YOUR INSTRUCTIONS - For this exercise, repeat the records below exactly and omit every picture.

====== RECORDS

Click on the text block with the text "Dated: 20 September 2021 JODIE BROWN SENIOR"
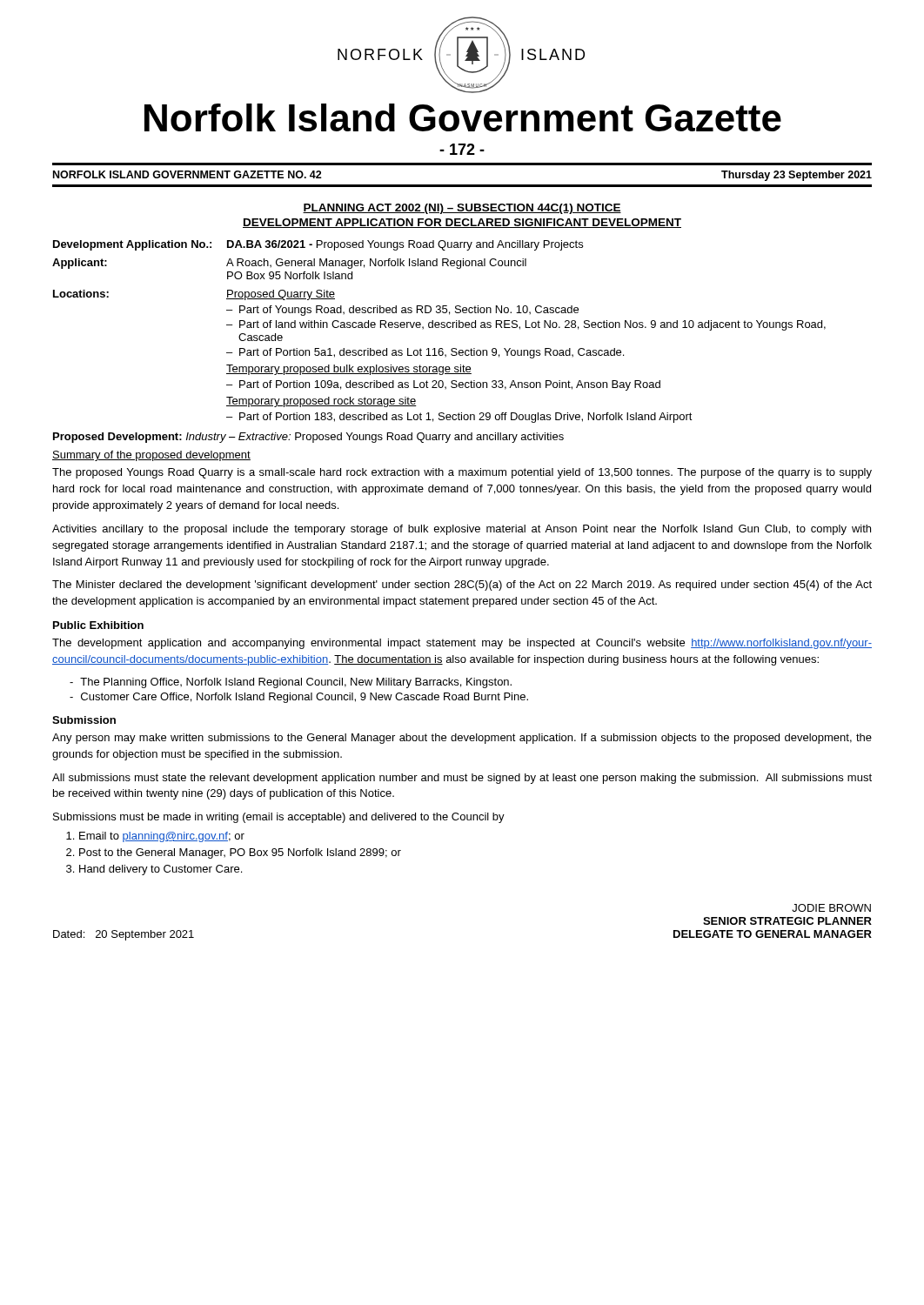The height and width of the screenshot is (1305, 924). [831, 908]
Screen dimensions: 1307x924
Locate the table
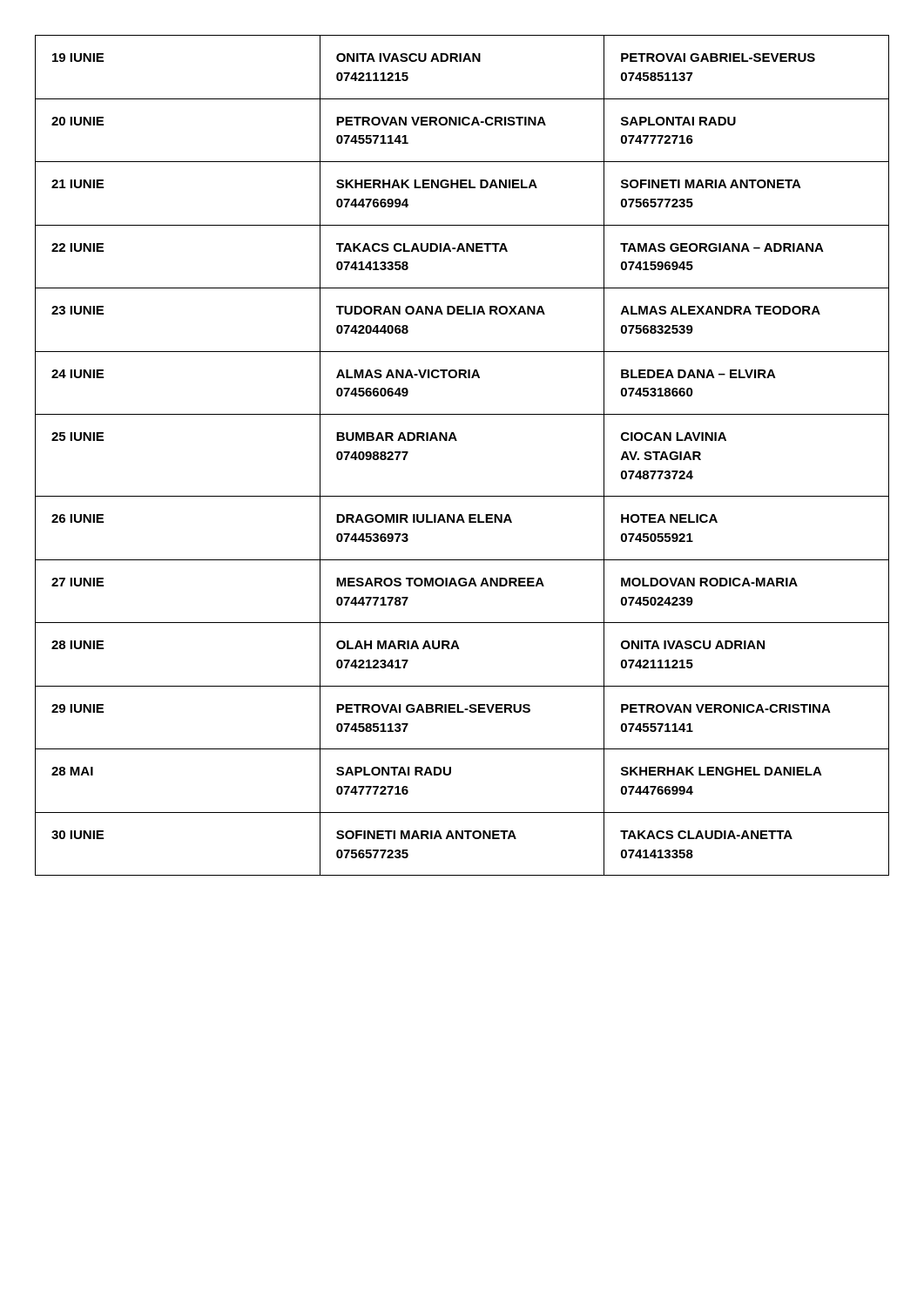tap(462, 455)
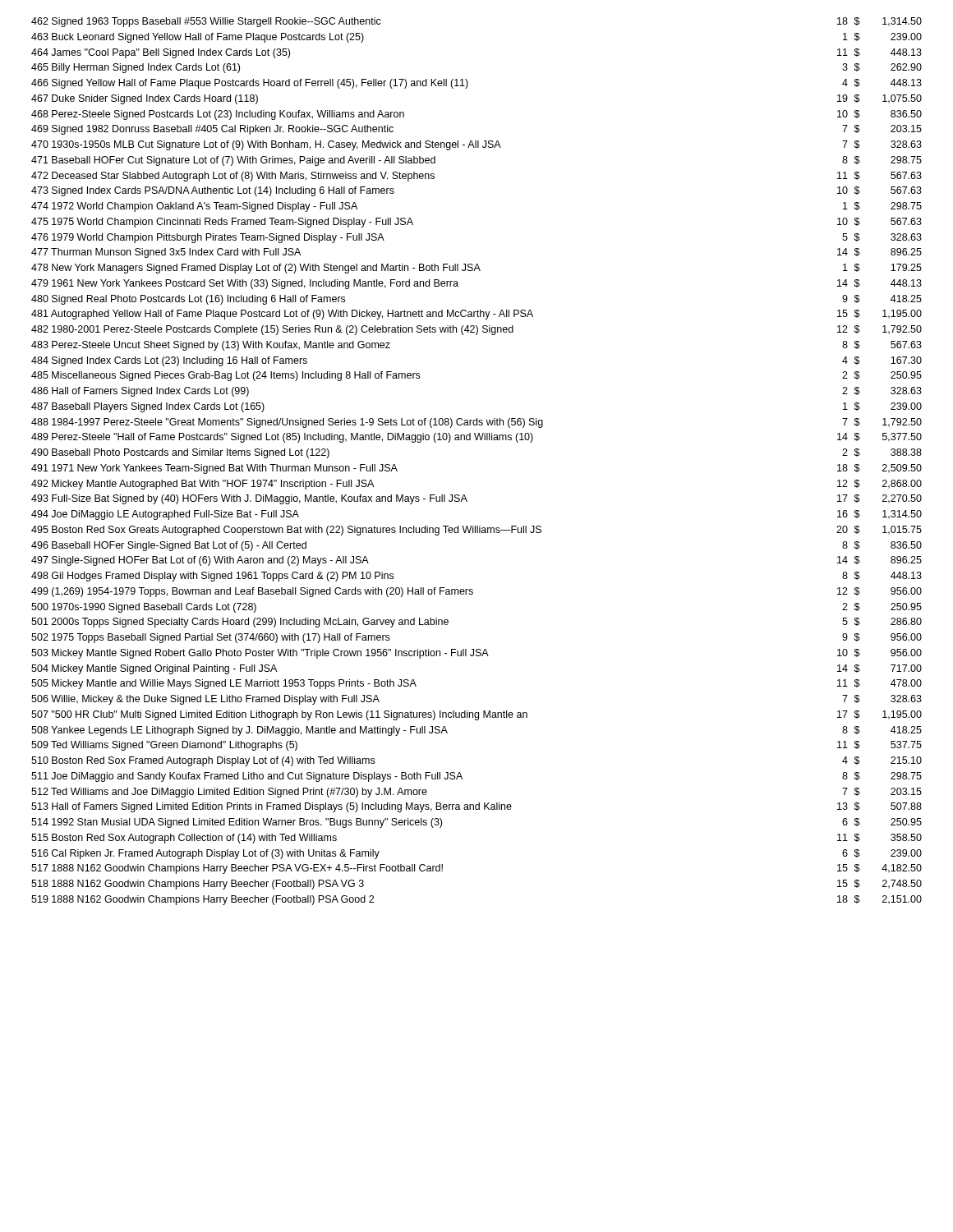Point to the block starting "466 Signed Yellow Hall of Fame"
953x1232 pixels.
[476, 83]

============

RESULT FOR THIS EXERCISE -
Click on the text block with the text "Dated: 20 September 2021 JODIE BROWN SENIOR"
The height and width of the screenshot is (1305, 924). [831, 908]
Screen dimensions: 1307x924
Locate the table
tap(462, 455)
Point to the block starting "466 Signed Yellow Hall of Fame"
953x1232 pixels.
[476, 83]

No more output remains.